Introduction to WinRate Metric

When browsing our mathematical predictions, you will come across WinRate — the metric we have computed to assess the historical possibility of the bookmaker's odds.

WinRate often differs — sometimes sharply — from the implied probability.

This discrepancy raises questions from curious bettors: Is the bookmaker underestimating the team's chances? Or is the side with supposedly "high" odds a riskier pick than it first appears?

That's precisely where WinRate steps in. If the WinRate is higher than the probability, it means a potential value bet. If WinRate is lower than the probability, double-check if this bet is safe.
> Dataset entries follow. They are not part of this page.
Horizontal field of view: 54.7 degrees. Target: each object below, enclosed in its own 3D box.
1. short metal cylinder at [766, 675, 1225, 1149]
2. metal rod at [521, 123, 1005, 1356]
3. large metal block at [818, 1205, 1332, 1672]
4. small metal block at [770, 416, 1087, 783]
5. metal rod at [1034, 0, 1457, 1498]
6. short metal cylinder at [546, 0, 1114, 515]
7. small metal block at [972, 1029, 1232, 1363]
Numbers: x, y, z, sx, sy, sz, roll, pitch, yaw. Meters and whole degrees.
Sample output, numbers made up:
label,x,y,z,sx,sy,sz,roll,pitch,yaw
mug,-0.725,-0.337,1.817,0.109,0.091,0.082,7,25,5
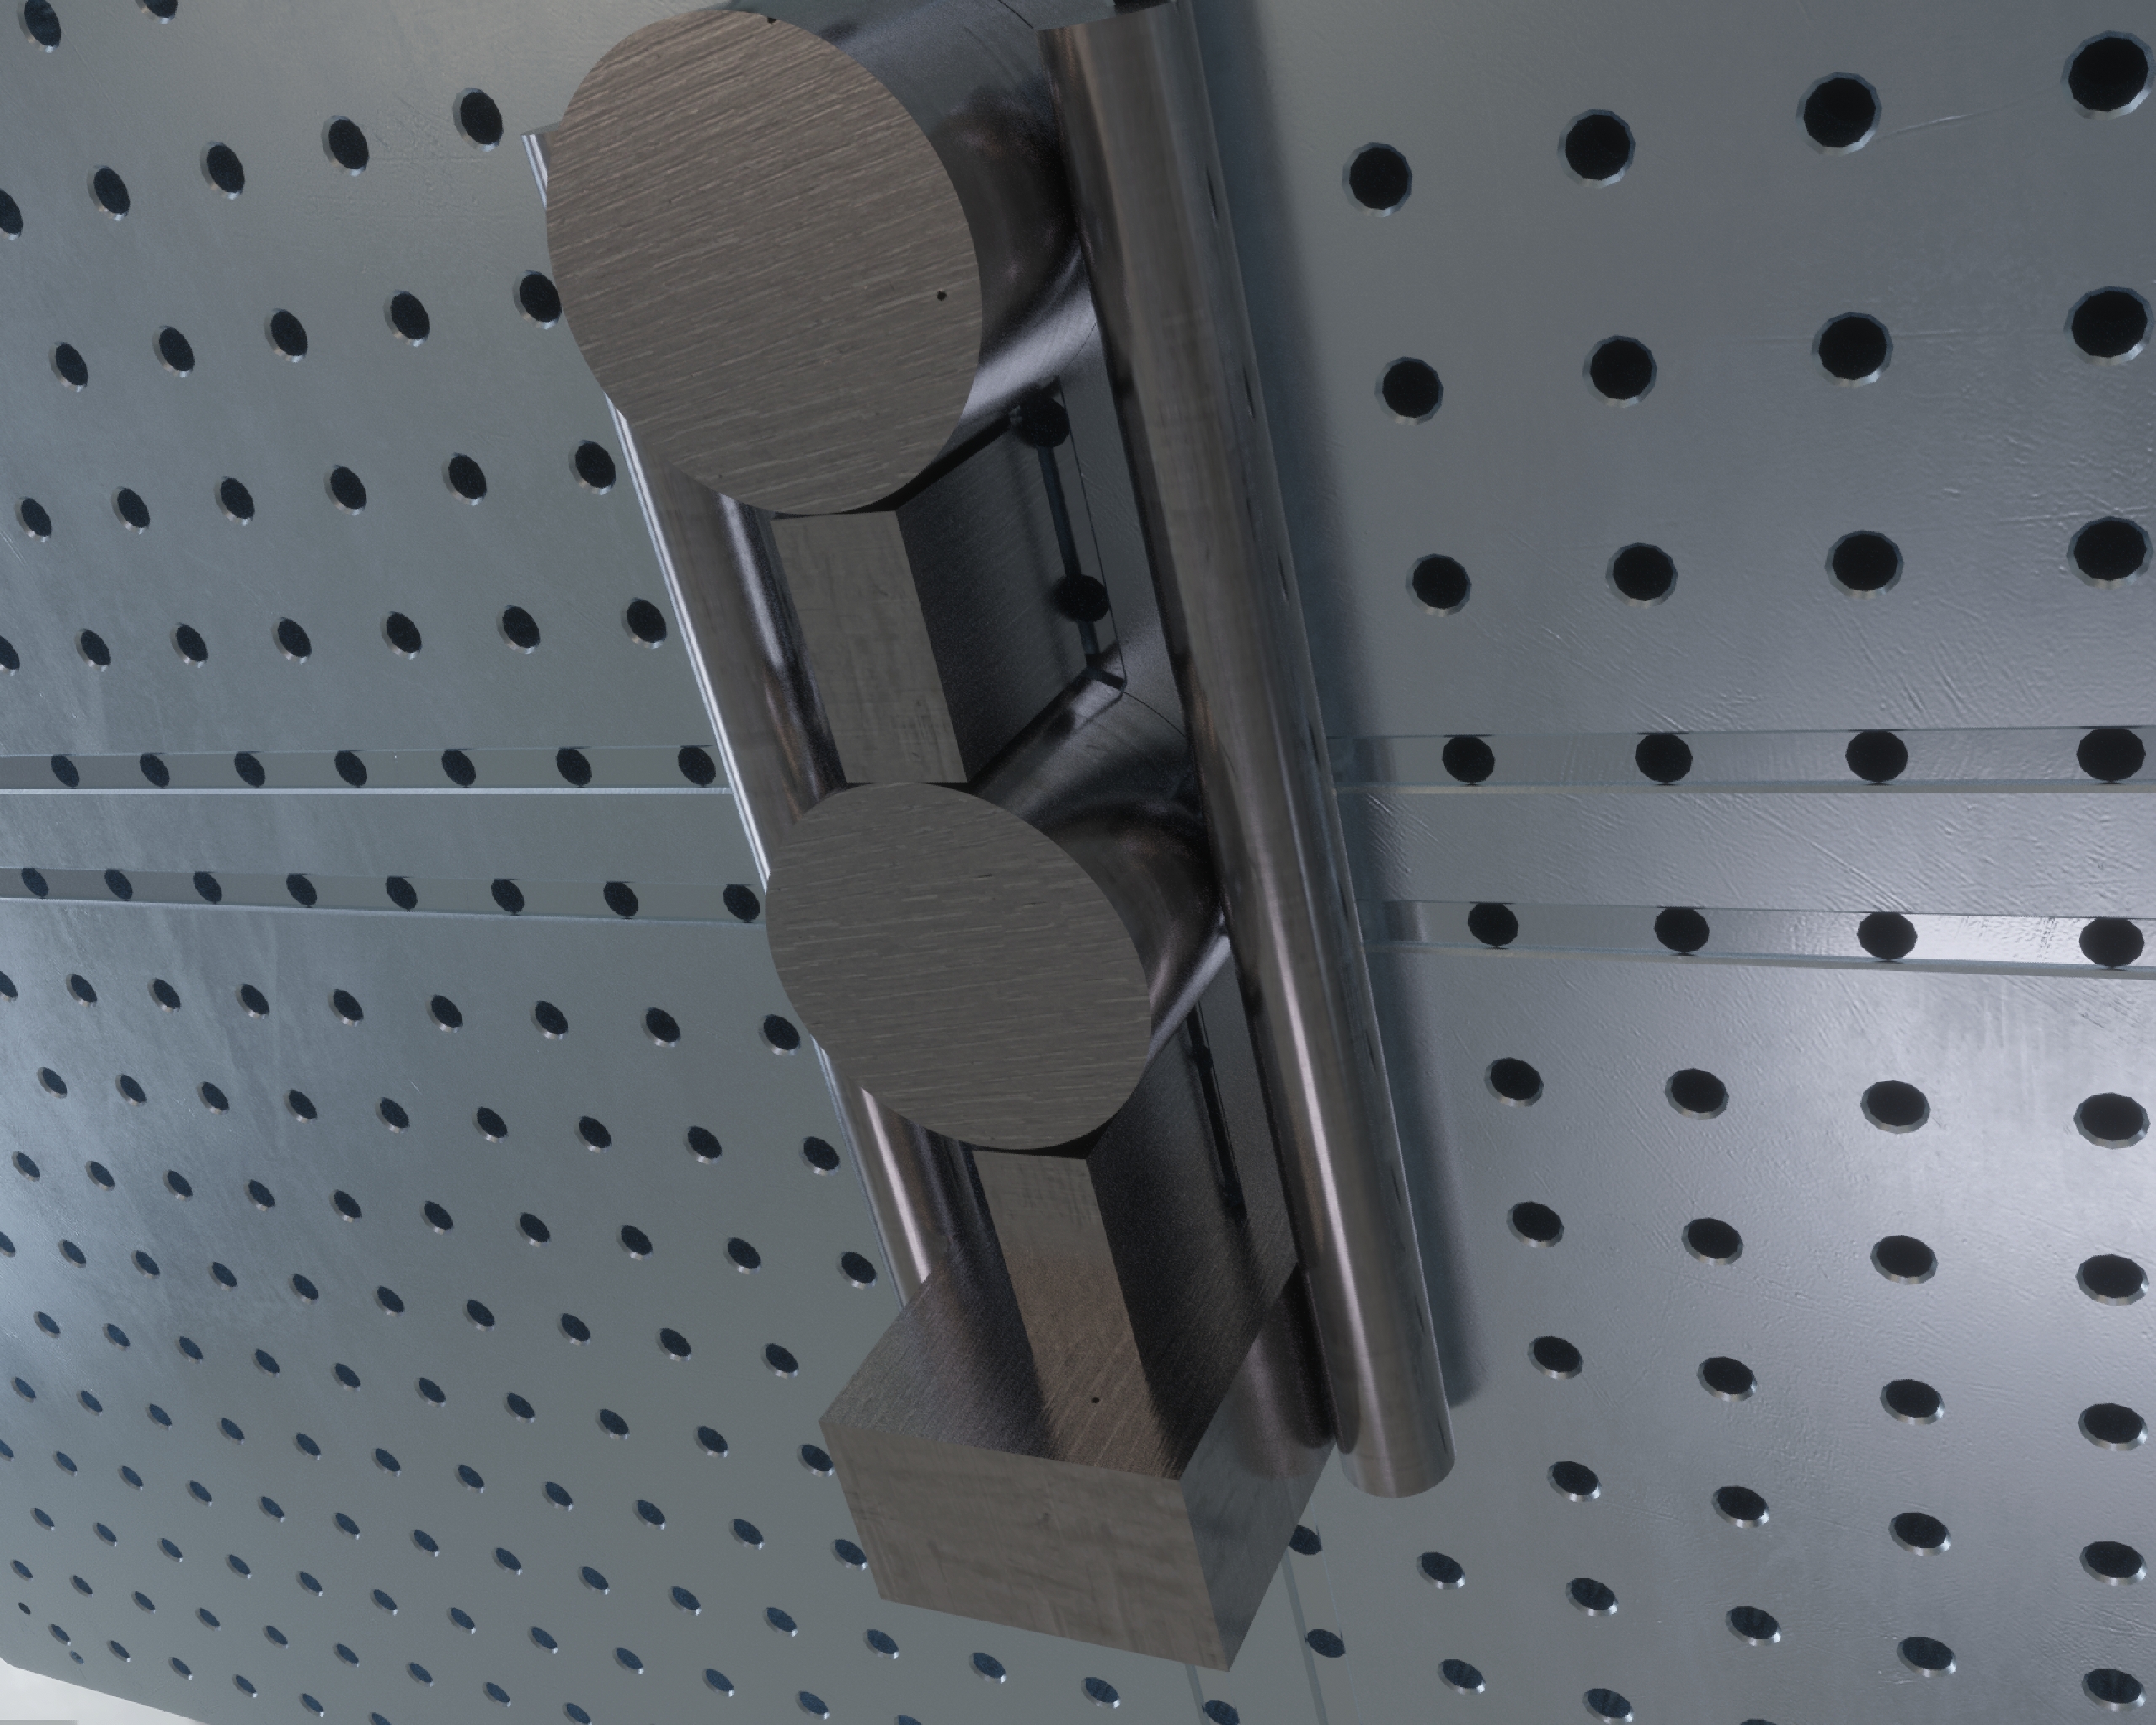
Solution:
label,x,y,z,sx,sy,sz,roll,pitch,yaw
short metal cylinder,-0.013,0.009,0.407,0.080,0.050,0.079,13,124,21
metal rod,-0.055,-0.003,0.438,0.025,0.025,0.298,1,119,28
large metal block,0.005,0.116,0.445,0.080,0.080,0.050,1,119,28
small metal block,-0.025,-0.048,0.377,0.025,0.050,0.050,1,119,28
metal rod,0.037,-0.002,0.389,0.025,0.025,0.298,1,119,28
short metal cylinder,-0.041,-0.105,0.351,0.080,0.050,0.079,13,124,21
small metal block,0.006,0.066,0.431,0.025,0.050,0.050,0,119,28

The Basics of Odds and Implied Probabilities

Before diving headlong into the concept of WinRate, it's vital to understand how odds and implied probabilities typically work in sports betting. When a bookmaker offers odds on a particular match outcome — such as a home win in a 1x2 market — those odds can be converted into a percentage chance of that outcome.

Decimal Odds

Let's use decimal odds for illustrative purposes because they're widely used across many regions. If a team is listed at odds of 2.00, those odds imply a 50% chance of winning.

Margin and Adjusted Probability

Of course, bookmakers include a margin to ensure a profit regardless of the match result. Thus, the odds might not translate precisely to 100% when you add up the probabilities of all possible outcomes in a match. But from a bettor's perspective, if you see odds of 2.00, you know the bookmaker is suggesting a roughly 50% likelihood for that event.

Example

Suppose the home team is expected to win at odds of 1.50. The implied probability is around 66.7%. Yet you might notice on our website that the WinRate for that same event is, for instance, 73%. How did we get that figure, and what does it mean?
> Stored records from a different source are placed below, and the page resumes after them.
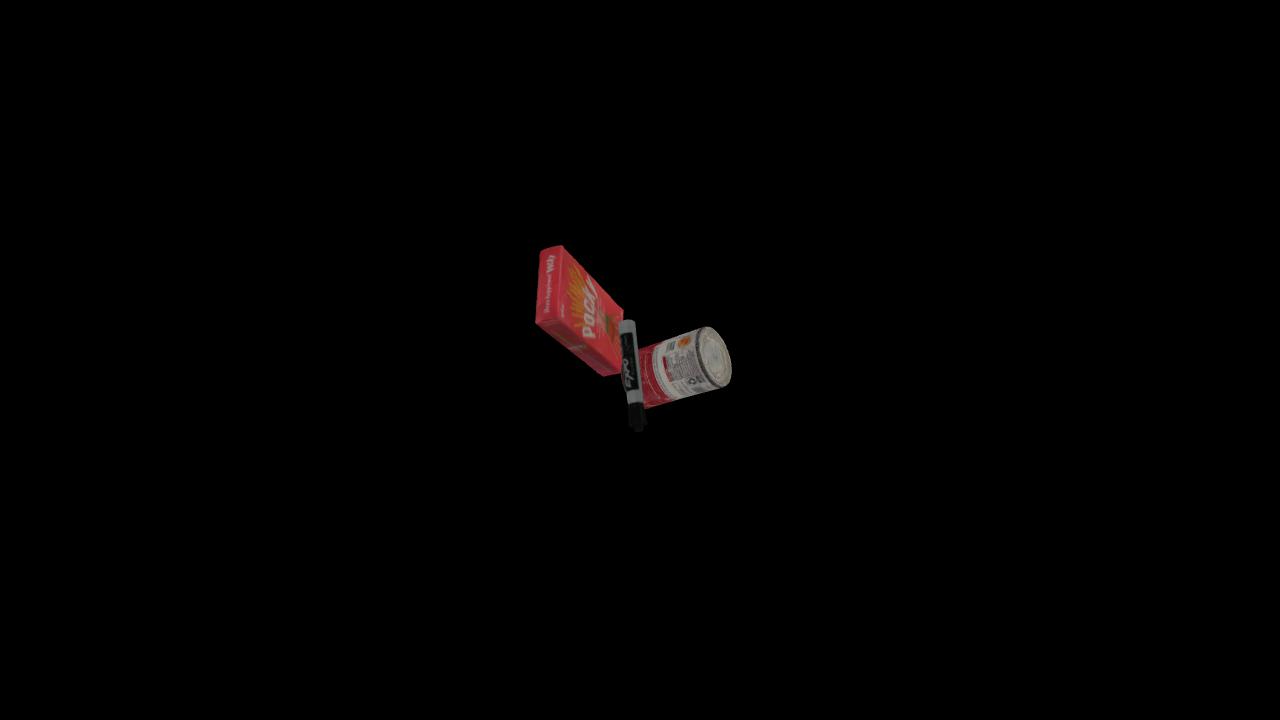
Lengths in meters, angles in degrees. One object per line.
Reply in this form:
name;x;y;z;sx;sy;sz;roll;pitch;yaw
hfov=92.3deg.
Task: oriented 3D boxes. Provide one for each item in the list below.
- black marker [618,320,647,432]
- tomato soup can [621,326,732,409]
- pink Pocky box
black marker;-0.008;0.016;0.647;0.020;0.121;0.020;-6;-20;-2
tomato soup can;0.039;0.009;0.658;0.101;0.068;0.068;-19;-11;34
pink Pocky box;-0.060;-0.047;0.658;0.029;0.084;0.155;-9;-25;20

The Concept Behind WinRate

WinRate is a metric we developed to address one fundamental question: How often does an expected outcome actually happen when the team is given odds similar to those in the current match?

In other words, we're not content with trusting the bookmaker's theoretical probability. Instead, we want to see if historical performance at similar odds corroborates or contradicts that probability.

Historical Performance vs. Theoretical Probability

At the core of WinRate is a direct comparison between:

  • Bookmaker's implied probability at given odds
  • Real-world occurrence of that event (team winning, both teams scoring, etc.) when teams historically faced similar odds

Why Compare Odds Against WinRate?

The idea is simple. Bookmakers, while highly skilled and data-driven, are not infallible. They also adjust odds based on the volume of bets they receive (so-called "liability management").

An Analogy

Think of it this way. Suppose your friend told you that a particular restaurant has a "60% chance" of being extraordinary because of a fancy marketing brochure. In that case, you might counter by saying you've surveyed 15 patrons who ate at that restaurant under similar circumstances, and 12 had a great experience. That's 80%, well above the "60%" your friend quoted. Who might you trust more?

Why WinRate Matters for Bettors

Spotting Potential Value

If the WinRate for an outcome (let's say 75%) is significantly higher than the bookmaker's implied probability (55%), there might be an edge.

Cross-Market Comparisons

WinRate isn't confined to the popular 1X2 market (Match Result). It can be applied to totals (over/under), both teams to score (BTTS), and even half-time results — providing your sample is large enough to calculate historical performance reliably.

Reducing Guesswork

Traditional stats might tell you a team "has won 8 of its last 10 games at home," but that doesn't necessarily reflect how they fare under specific betting odds.

Data Sourcing: Where Do We Get the Numbers?

Algorithmic Steps

  1. Identify the Current Odds: For instance, the home team's odds are 1.51 from Bookmaker X.
  2. Set a Range: We define a ±0.15 threshold around 1.51 (1.36 to 1.66).
  3. Match Sampling: We pull the last 15 matches from that range.
  4. Outcome Collection: We count how many times that team won in those matches.
  5. Calculating WinRate: We divide the number of successful outcomes by the total in the sample and multiply by 100 to get a percentage.

Best Practices for Using WinRate

  • Combine with other stats like injuries, form, and tactical matchups.
  • Look at home vs. away performance for better insight.
  • Understand sample size limitations.

Conclusion

Betting on football is a blend of art and science. WinRate provides a statistical sanity check against the bookmaker's implied probability, helping you make more informed decisions.